Saved data entries:

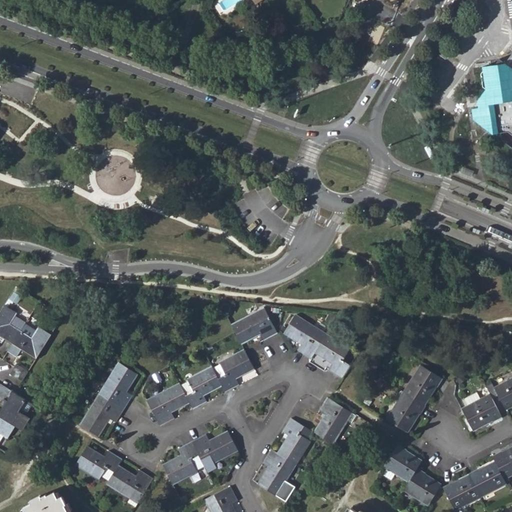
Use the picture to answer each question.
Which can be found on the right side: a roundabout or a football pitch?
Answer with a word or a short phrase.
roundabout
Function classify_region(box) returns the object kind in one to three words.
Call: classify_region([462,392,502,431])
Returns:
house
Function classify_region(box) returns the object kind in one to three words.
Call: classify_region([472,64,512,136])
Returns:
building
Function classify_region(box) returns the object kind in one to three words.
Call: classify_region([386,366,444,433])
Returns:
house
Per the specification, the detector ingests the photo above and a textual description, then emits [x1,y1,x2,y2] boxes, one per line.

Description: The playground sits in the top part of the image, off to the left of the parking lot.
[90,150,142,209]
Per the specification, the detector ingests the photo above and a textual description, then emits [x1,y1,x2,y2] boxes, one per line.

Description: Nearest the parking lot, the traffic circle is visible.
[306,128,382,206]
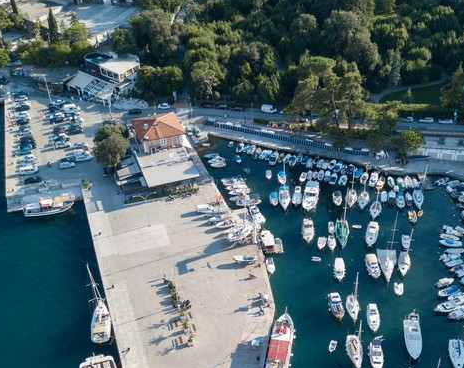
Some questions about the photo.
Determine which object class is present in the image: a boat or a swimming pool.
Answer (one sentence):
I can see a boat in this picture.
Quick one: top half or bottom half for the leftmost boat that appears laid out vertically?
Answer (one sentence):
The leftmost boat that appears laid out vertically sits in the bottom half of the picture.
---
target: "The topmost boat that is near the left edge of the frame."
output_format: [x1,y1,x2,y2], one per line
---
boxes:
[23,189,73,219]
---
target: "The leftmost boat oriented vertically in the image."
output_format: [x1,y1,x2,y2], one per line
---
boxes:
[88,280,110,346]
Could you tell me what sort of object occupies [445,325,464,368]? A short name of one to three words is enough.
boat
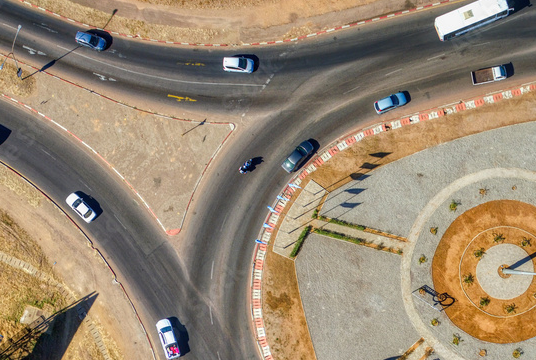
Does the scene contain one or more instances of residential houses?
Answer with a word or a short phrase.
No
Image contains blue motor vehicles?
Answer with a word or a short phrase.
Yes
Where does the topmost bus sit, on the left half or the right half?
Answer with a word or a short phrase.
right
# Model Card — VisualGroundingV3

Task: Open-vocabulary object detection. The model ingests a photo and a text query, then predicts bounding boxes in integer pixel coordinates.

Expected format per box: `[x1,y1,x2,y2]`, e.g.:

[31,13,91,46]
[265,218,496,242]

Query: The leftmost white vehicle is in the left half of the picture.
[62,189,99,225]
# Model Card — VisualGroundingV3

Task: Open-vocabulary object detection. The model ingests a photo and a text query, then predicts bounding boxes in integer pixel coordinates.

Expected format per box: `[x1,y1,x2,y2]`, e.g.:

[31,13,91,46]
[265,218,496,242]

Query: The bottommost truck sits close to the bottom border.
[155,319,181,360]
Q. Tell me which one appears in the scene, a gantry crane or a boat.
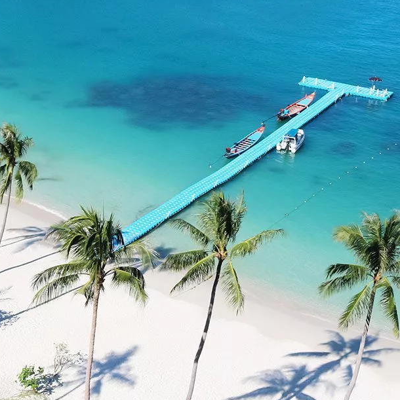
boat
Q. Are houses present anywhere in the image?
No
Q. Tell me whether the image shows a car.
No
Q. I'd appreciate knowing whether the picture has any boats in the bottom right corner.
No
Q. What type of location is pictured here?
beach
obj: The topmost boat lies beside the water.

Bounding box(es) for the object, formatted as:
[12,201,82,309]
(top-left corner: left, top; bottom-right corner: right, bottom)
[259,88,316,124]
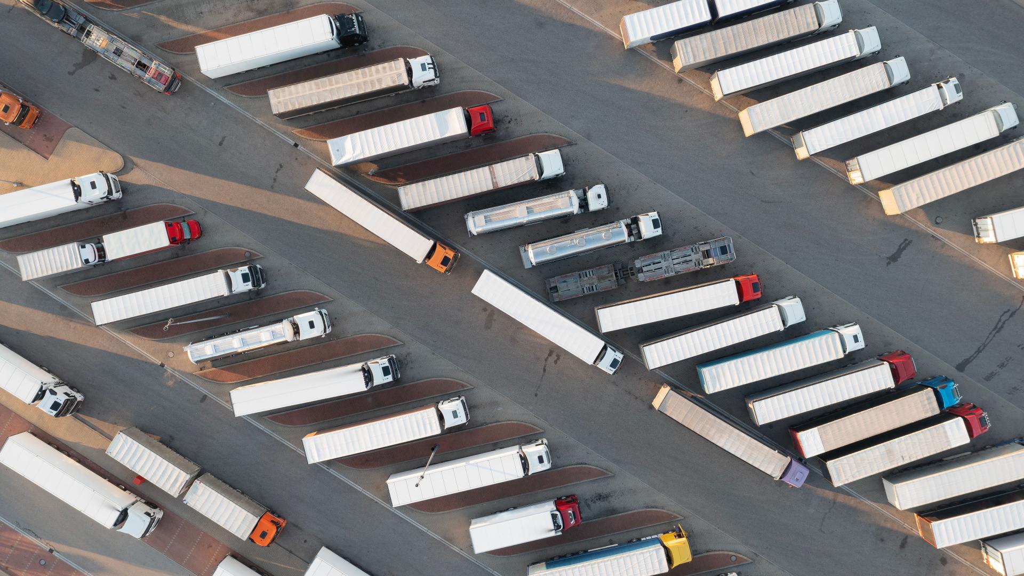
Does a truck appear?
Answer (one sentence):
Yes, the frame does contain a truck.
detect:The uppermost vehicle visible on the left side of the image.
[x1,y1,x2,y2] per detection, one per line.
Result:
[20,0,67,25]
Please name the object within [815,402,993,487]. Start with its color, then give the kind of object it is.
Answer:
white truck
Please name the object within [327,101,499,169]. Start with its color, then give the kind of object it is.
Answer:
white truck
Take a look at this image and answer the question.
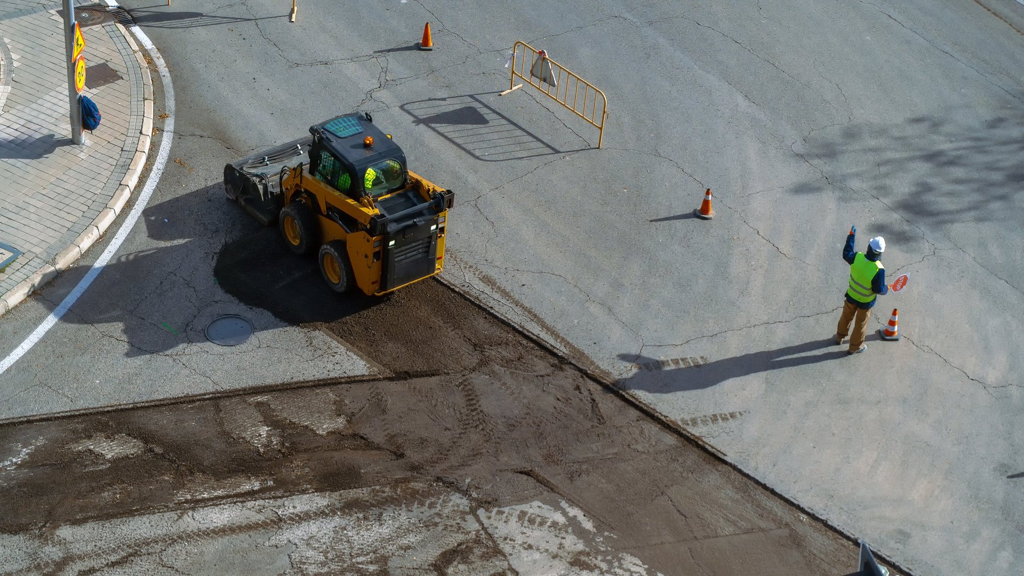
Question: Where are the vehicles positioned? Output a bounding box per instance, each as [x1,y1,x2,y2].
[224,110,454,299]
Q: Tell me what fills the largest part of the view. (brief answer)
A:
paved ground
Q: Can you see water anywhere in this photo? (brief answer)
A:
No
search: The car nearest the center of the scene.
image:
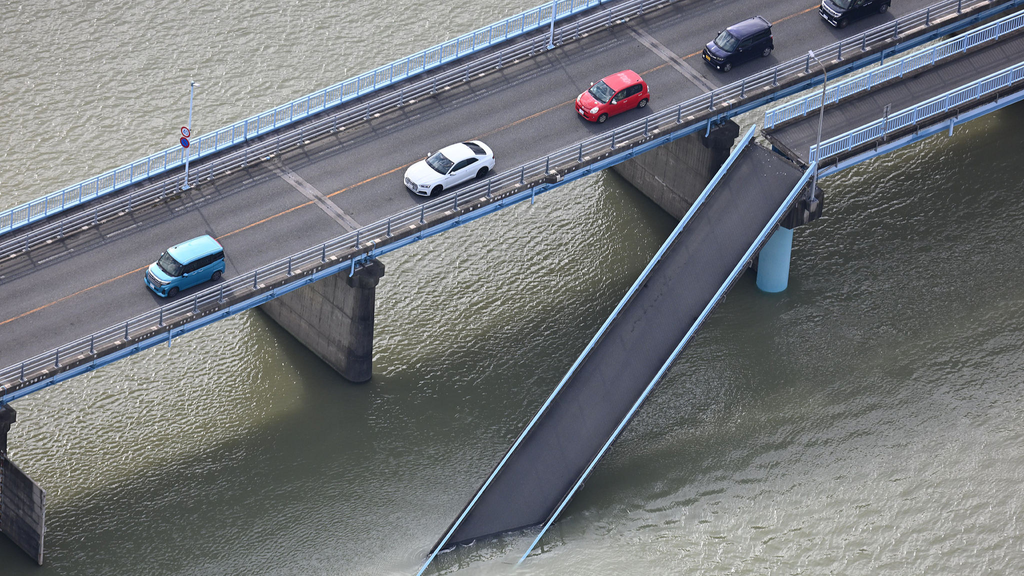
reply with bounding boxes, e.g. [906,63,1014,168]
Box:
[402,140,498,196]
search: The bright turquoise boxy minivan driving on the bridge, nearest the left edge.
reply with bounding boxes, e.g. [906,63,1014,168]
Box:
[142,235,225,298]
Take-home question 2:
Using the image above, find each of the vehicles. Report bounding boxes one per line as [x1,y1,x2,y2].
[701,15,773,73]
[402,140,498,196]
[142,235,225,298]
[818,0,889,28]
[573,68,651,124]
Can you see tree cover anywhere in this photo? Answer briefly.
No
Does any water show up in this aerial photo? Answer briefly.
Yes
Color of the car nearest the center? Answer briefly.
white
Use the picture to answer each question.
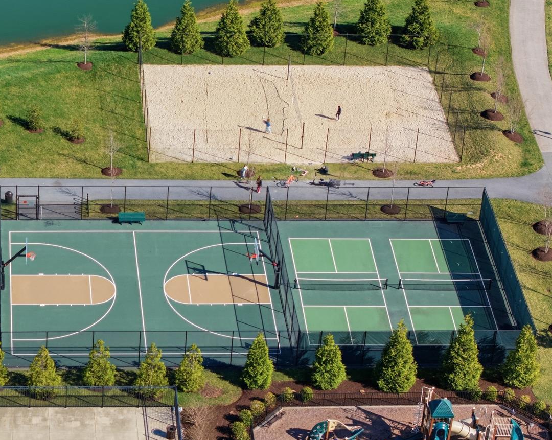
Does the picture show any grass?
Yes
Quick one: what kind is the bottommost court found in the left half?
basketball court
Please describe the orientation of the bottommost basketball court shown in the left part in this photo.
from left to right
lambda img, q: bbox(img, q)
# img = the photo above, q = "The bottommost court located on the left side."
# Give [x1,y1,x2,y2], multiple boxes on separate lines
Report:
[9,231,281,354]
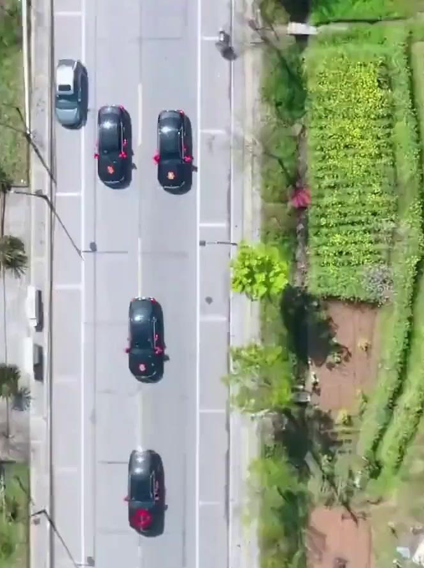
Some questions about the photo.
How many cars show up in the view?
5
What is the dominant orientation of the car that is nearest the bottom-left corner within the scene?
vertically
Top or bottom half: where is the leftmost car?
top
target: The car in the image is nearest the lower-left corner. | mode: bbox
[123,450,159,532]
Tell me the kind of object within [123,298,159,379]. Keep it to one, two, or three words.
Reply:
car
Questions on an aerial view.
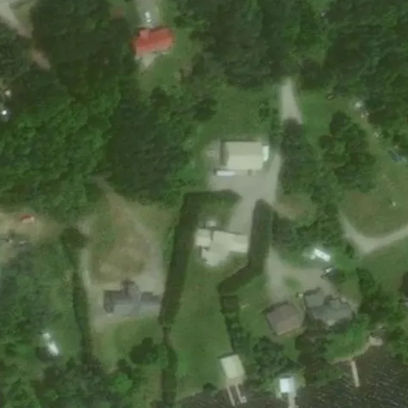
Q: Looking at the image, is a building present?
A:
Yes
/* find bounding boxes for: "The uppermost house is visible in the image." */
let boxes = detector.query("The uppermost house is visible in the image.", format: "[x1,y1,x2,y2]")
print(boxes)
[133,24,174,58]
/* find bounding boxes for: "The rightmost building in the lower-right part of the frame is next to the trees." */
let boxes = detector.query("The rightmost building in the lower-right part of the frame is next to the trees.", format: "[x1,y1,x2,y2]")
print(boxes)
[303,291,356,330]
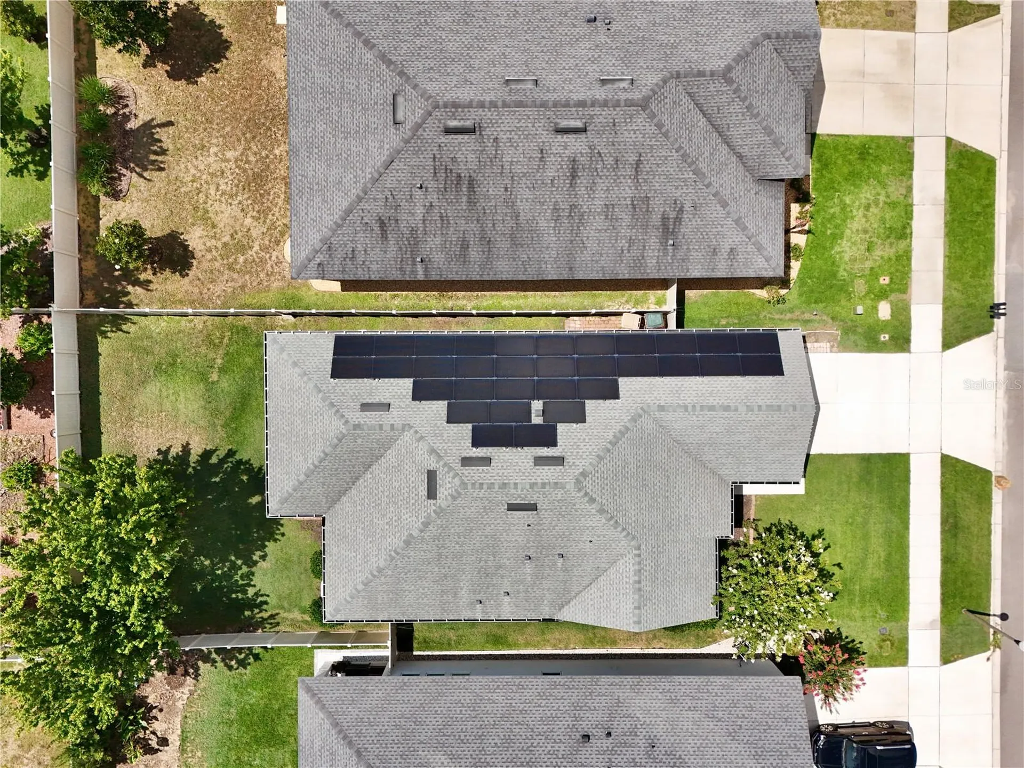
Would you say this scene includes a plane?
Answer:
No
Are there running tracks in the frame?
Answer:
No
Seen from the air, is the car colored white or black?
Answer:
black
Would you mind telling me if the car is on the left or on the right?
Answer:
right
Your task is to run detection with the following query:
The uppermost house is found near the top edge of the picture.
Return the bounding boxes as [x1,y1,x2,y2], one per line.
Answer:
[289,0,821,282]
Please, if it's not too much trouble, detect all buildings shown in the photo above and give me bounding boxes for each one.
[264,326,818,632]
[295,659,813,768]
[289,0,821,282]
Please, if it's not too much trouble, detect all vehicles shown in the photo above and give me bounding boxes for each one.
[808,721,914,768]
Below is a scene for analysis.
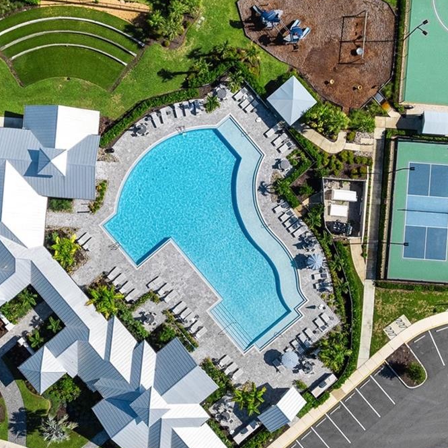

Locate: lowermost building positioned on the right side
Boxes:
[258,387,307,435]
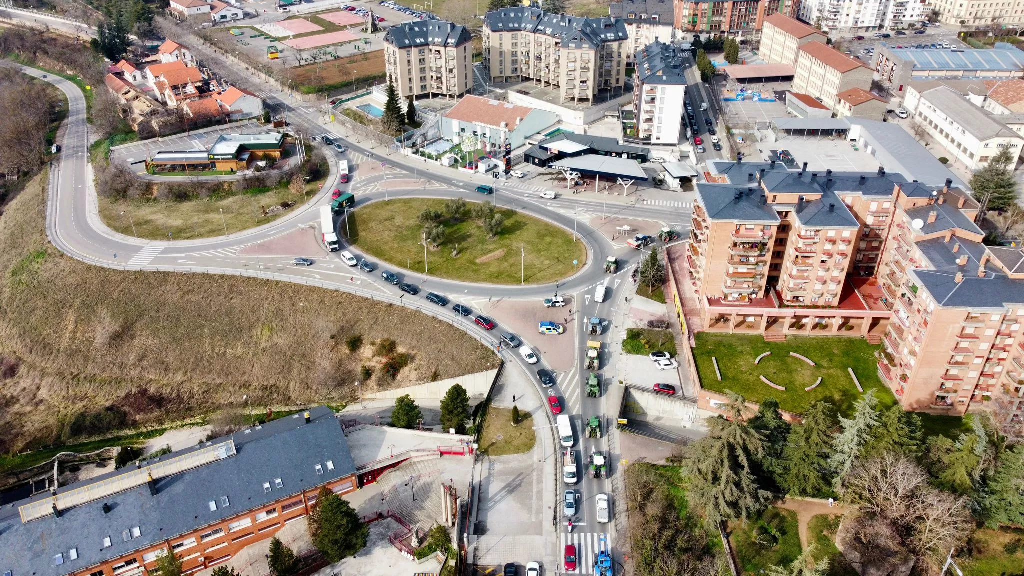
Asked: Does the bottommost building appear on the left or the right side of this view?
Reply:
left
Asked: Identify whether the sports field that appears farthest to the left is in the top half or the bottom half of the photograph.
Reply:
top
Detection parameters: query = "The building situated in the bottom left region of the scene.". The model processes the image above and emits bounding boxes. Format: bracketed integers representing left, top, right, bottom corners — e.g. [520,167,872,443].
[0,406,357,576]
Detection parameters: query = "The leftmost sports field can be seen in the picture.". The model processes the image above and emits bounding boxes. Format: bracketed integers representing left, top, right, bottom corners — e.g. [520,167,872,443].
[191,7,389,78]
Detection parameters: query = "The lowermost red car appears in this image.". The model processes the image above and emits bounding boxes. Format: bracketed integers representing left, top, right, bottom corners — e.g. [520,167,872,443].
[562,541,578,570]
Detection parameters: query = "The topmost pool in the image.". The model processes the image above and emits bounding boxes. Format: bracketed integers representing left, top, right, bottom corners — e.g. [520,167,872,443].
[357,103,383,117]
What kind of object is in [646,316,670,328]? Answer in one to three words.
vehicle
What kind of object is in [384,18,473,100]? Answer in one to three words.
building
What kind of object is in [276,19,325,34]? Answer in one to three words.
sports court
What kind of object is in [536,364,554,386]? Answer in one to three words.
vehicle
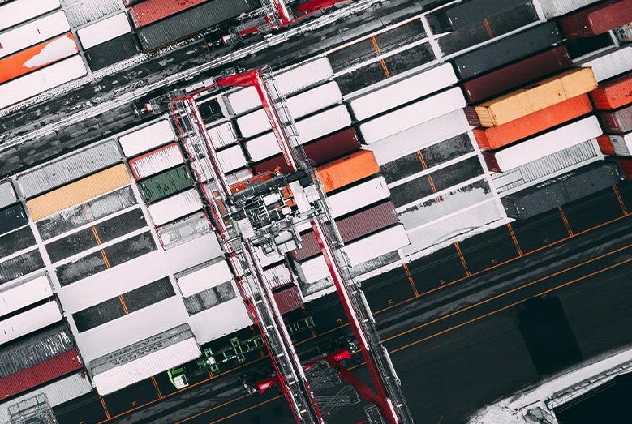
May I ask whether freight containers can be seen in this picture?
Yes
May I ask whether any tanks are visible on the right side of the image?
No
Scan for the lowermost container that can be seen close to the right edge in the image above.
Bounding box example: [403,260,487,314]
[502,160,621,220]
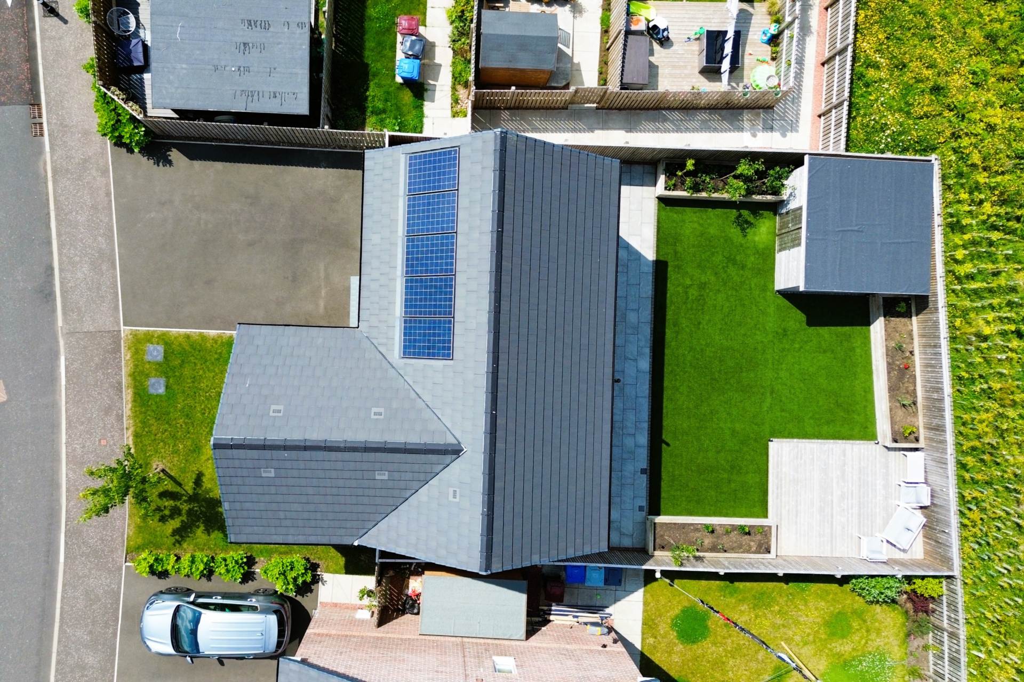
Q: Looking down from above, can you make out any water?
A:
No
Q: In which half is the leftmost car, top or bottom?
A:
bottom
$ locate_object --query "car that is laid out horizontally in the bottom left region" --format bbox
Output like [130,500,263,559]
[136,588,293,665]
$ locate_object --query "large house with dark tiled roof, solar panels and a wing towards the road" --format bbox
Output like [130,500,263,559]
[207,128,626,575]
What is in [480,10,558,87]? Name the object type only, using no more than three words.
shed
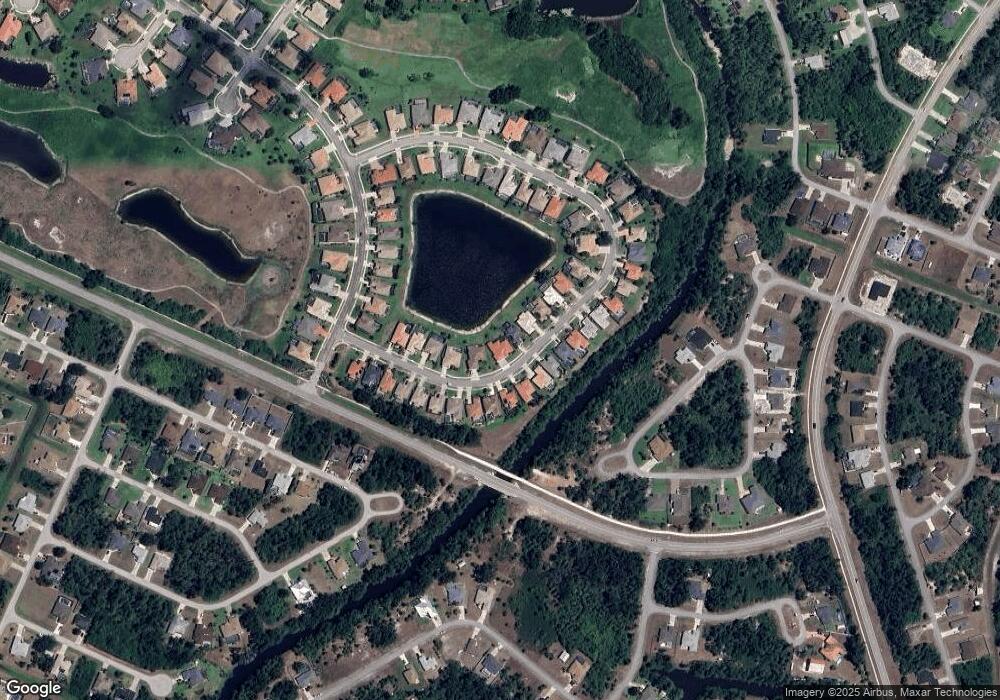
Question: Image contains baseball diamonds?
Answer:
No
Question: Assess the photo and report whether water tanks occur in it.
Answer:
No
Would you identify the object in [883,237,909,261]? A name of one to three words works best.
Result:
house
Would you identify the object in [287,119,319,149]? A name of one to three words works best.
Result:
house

Goal of the exercise: Some lines of the records may hold the word "next". How many do? Answer with a number and nothing else.

Response box: 2